DNA Not The Same In Every Cell Of Body: Major Genetic Differences Between Blood And Tissue Cells Revealed
(via particlesoftruth)
Wow.
Regular old me: Fascinating!
Law talking me: It’s as if thousands of prosecutors suddenly cried out…
I’m sort of surprised that more news organizations haven’t picked up on this. Is Science Daily a peer-reviewed journal?
Hrm.
The paper being referenced by ScienceDaily appeared in Human Mutation, although they did a really crappy job of pointing to the paper itself.
I took a look at the paper, and the result certainly is interesting, but I think a lot more work needs to be done before I’d consider this to be a regular occurrence. For one, the authors are not terribly specific about how many of the normal samples showed the mutations. They only had 5 samples, but did they observe the mutations in all five? Did they see one mutation in one sample and the other in another sample? Did they find both mutations in one sample and the remaining 4 were normal?

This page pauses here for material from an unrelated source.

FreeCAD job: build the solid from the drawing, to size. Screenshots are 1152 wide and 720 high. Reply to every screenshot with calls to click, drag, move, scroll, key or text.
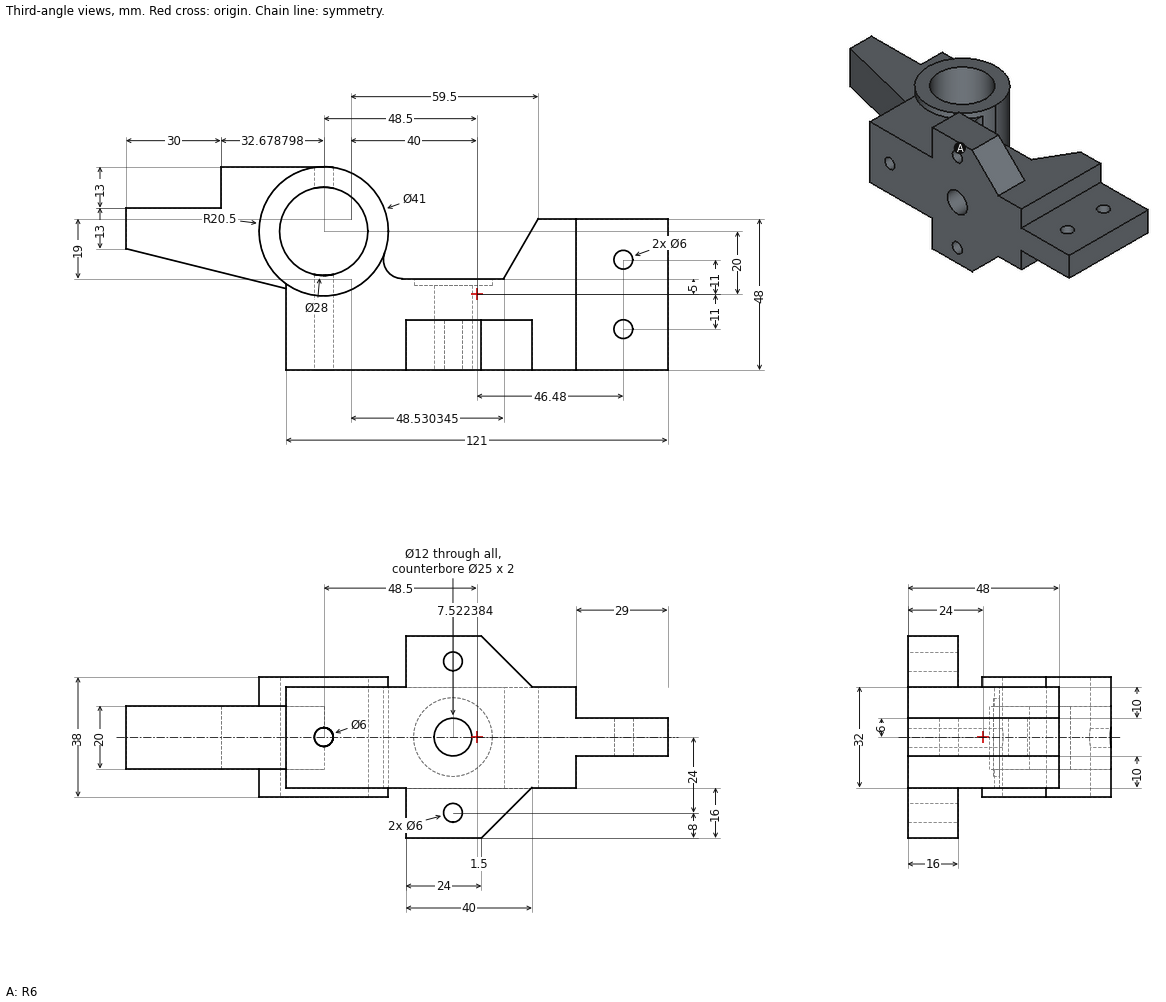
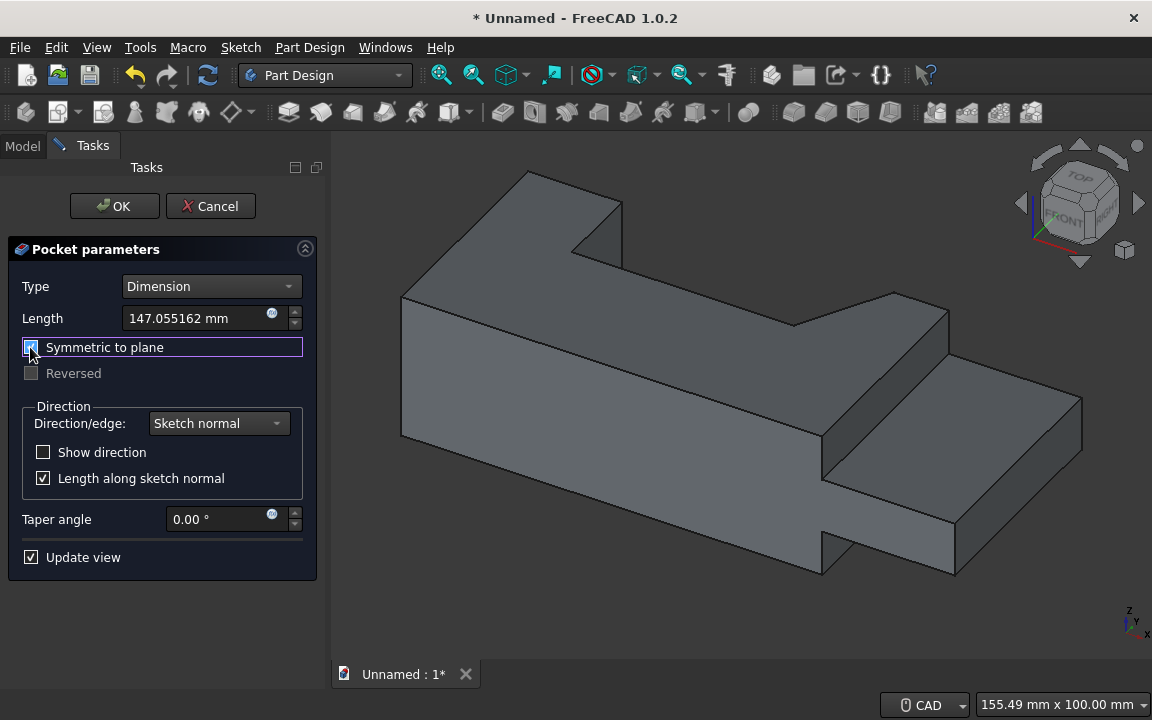
click(115, 206)

Seeing even one of the normal samples having the mutation in aortic tissue and not blood would be an interesting finding, but without some more context (and a lot more study) it’s tough to say how wide-spread this phenomenon is and what it’s real implications for genetic association studies are.
As to Forensic DNA identification, I don’t see this impacting it at all. DNA identification is done by looking at a number of regions throughout the genome that are highly variable from person to person, and which are outside of genes. The FBI’s panel that gets put into CODIS (the big criminal database) is made up of 13 different DNA regions that are repeated a different number of times between individuals. This paper talks about single base-pair changes within genes, which are not what are used for DNA identification.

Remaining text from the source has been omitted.